Monetary sovereignty and geostrategic autonomy are clear motivations for a digital euro. From a more narrow end-user perspective, the gains of a digital euro are less clear.

The gains of a digital euro are less clear

Digital means of payment are readily available today, though acceptance and use vary across the EU. That said, banks better follow discussions closely in the coming two years, during the ECB’s “investigation phase”. The European Commission is due to adopt a regulation in early 2023, setting out key design features. Crucial decisions are, therefore, being made in the coming 18 months, and this is also the phase determining whether the digital euro will turn out useful for banks or will instead be primarily weakening them vis-à-vis big techs incorporating the digital euro seamlessly into their ecosystems.

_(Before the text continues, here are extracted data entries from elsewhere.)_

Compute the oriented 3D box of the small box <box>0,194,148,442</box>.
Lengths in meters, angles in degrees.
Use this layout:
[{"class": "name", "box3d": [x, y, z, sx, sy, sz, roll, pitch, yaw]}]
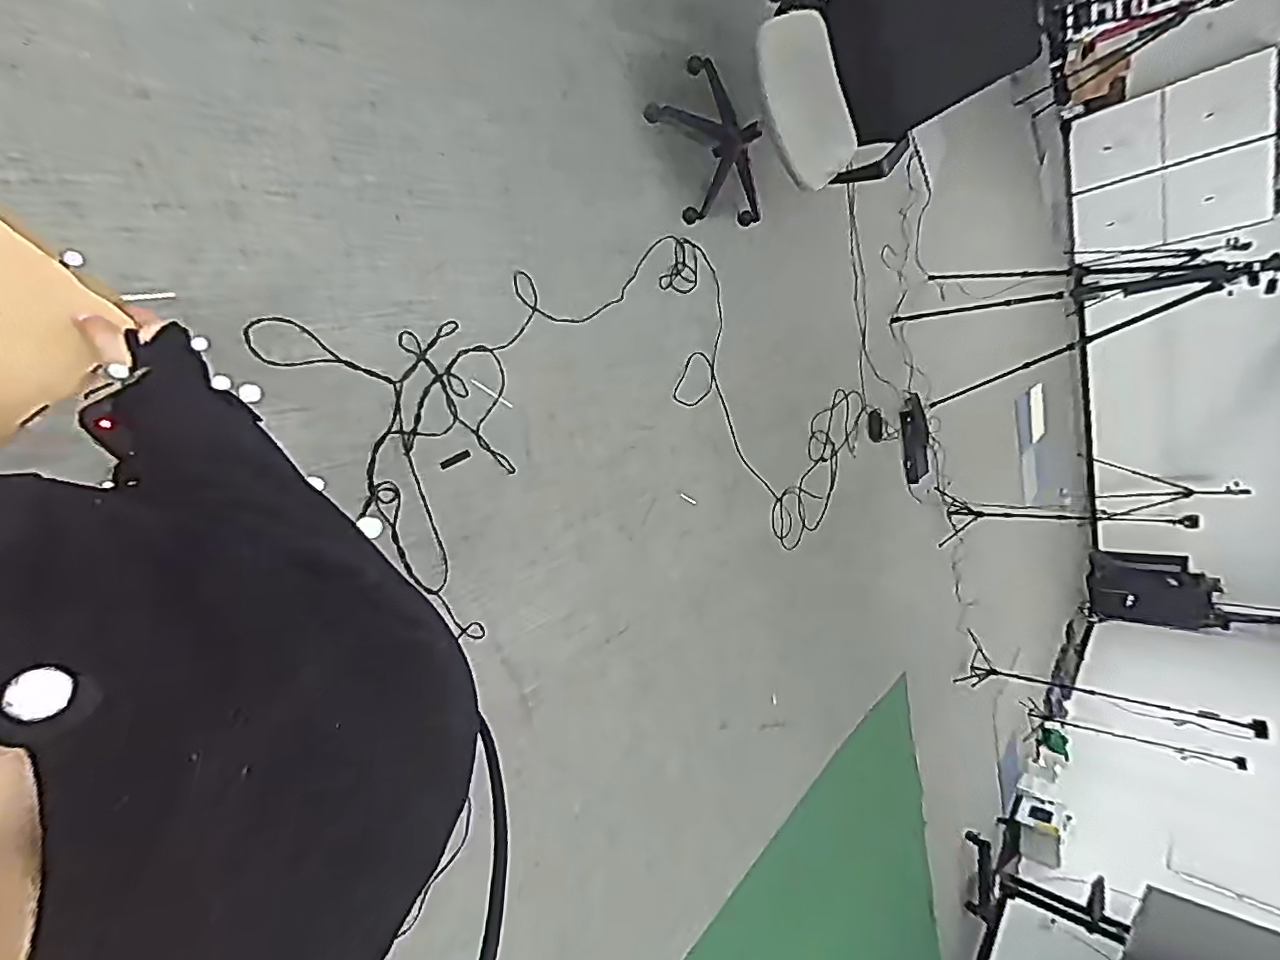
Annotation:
[{"class": "small box", "box3d": [-0.609, -0.167, 0.491, 0.168, 0.176, 0.179, -50, 137, -16]}]

The three themes discussed here, data, crypto and CBDC, show how the regulatory and institutional framework is a key factor shaping banks’ perspectives. Although the regulatory initiatives described will take time to be concluded and implemented, banks would do better to prepare and be ready for them. Several of the issues raise fundamental questions about the bank business model: what role for data in banking? What role for financial intermediation when decentralised financial services take hold? And even: what role for the bank balance sheet, for money creation in a world of CBDC and non-bank issued stablecoins?

These will not be issues that separate the winners from the laggards already over the coming year. Yet these are defining questions that will shape banking over the next decade.